● **AIM OF THE EXERCISE**:
With the pictures left out, write out exactly the lines of the listing below that run from the line with "Answer yes or no. Yes. Is Medium Orchid the minimum?" through the line with "What is the top".

● **INPUT**:
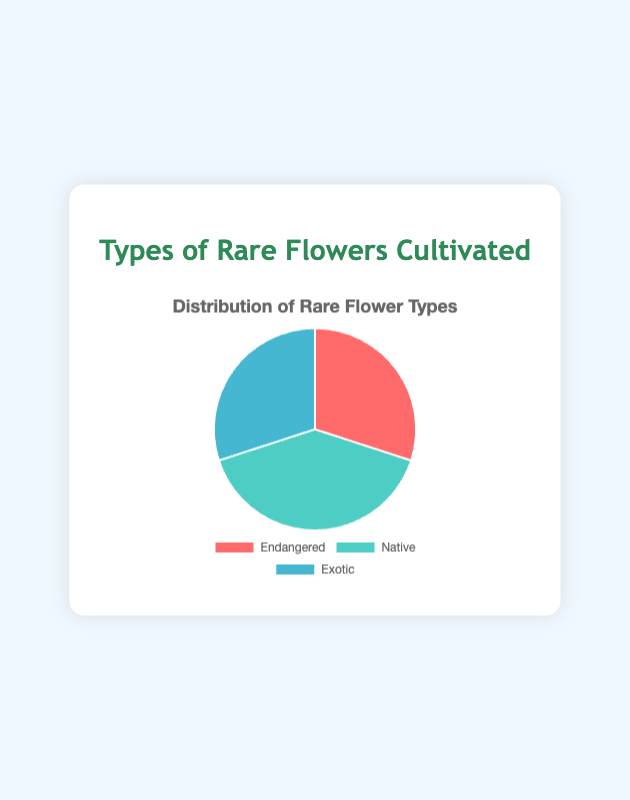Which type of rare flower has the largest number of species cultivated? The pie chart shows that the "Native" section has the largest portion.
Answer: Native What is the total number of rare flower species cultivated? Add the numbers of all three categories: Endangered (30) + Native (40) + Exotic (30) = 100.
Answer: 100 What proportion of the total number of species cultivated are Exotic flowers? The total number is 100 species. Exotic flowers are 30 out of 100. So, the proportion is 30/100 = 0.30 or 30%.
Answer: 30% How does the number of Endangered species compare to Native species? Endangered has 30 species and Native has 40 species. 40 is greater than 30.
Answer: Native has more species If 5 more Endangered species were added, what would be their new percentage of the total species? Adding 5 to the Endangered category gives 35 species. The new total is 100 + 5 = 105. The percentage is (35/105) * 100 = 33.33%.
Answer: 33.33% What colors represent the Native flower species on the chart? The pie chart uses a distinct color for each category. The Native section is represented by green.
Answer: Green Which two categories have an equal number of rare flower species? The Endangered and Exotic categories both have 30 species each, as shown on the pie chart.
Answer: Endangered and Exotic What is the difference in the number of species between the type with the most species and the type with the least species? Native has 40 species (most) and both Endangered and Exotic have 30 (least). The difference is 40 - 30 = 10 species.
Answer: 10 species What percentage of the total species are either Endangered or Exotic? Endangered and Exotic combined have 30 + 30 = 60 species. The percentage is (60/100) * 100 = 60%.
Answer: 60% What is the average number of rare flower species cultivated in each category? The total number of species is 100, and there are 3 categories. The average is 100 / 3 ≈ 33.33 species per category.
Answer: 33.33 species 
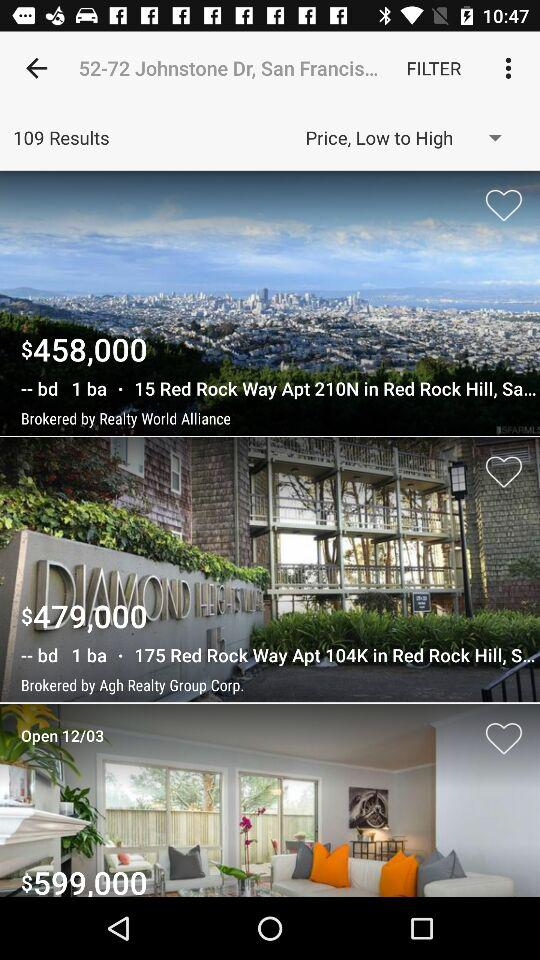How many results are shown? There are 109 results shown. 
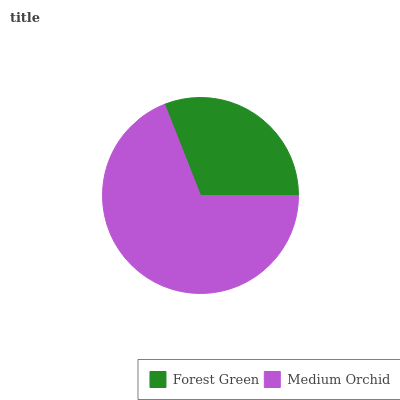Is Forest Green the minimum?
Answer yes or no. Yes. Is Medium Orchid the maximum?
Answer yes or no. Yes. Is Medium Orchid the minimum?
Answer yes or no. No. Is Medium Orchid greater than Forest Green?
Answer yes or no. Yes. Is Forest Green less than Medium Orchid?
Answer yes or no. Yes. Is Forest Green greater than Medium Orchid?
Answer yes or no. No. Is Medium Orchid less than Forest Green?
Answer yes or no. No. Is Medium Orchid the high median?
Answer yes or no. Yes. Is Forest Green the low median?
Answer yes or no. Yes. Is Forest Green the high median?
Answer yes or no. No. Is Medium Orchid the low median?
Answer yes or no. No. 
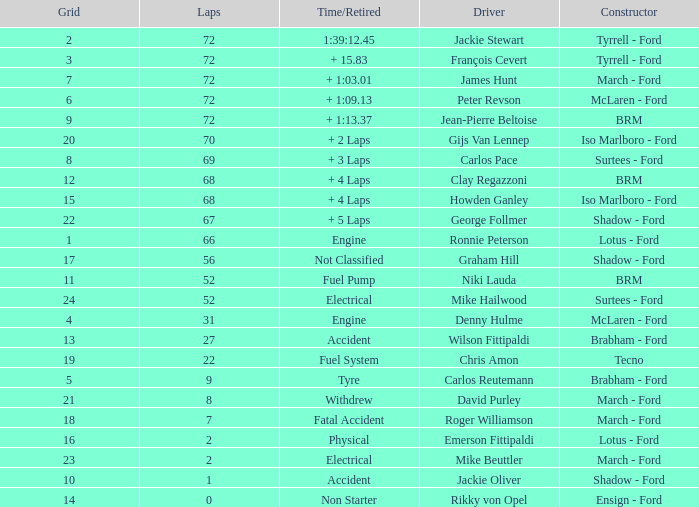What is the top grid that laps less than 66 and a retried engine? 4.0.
---
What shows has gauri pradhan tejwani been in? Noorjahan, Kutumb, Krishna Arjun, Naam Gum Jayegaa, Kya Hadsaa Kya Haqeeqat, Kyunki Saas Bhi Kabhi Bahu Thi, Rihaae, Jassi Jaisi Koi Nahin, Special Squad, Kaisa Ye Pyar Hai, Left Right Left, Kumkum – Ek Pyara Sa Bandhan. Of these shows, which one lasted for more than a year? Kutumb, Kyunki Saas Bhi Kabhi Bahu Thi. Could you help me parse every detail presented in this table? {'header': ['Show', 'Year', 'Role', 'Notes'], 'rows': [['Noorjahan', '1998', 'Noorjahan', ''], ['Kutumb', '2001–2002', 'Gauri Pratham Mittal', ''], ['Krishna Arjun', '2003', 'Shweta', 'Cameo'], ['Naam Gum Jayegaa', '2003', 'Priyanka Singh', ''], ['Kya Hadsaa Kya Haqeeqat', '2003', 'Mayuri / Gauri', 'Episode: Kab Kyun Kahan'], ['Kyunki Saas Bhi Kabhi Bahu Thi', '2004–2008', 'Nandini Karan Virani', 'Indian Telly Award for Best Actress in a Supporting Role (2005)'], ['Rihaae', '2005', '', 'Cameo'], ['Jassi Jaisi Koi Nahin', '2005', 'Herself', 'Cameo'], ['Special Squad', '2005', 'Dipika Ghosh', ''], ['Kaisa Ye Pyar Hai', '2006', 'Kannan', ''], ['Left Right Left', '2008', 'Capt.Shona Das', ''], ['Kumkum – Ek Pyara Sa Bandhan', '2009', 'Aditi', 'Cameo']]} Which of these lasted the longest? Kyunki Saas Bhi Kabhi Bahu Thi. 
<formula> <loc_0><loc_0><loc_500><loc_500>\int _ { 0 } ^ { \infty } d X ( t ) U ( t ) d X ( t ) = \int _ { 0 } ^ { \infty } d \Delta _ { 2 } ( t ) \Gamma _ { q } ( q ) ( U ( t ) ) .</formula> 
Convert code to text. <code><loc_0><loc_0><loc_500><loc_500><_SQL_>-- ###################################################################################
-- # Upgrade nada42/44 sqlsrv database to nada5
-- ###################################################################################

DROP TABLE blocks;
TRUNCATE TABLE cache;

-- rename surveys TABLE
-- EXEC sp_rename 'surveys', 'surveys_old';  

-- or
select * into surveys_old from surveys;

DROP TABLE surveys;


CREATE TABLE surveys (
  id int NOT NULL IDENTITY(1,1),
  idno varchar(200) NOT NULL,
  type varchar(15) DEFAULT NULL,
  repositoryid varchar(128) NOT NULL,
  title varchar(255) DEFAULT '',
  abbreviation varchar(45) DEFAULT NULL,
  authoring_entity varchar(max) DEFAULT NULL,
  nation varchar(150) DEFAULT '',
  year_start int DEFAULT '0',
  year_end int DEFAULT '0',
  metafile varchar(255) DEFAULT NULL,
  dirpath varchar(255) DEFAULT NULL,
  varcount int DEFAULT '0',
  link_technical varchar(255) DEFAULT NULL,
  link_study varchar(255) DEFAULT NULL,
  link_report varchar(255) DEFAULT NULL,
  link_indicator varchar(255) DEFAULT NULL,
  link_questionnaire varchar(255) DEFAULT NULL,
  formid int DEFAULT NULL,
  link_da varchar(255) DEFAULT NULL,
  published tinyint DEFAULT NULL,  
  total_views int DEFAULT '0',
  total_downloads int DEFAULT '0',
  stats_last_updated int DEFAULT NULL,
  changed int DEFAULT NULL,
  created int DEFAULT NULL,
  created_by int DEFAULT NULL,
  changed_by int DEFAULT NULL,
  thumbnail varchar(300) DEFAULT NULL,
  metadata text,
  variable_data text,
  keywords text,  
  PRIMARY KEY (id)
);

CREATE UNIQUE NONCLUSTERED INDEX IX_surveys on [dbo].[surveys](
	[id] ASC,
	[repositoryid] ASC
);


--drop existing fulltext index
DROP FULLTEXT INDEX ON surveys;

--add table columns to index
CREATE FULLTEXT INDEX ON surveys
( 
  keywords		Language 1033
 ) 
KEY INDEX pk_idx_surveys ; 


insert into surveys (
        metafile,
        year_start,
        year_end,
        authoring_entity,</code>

● **RESPONSE AREA**:
Answer yes or no. Yes. Is Medium Orchid the minimum?
Answer yes or no. No. Is Medium Orchid greater than Forest Green?
Answer yes or no. Yes. Is Forest Green less than Medium Orchid?
Answer yes or no. Yes. Is Forest Green greater than Medium Orchid?
Answer yes or no. No. Is Medium Orchid less than Forest Green?
Answer yes or no. No. Is Medium Orchid the high median?
Answer yes or no. Yes. Is Forest Green the low median?
Answer yes or no. Yes. Is Forest Green the high median?
Answer yes or no. No. Is Medium Orchid the low median?
Answer yes or no. No. 
What is the top grid that laps less than 66 and a retried engine? 4.0.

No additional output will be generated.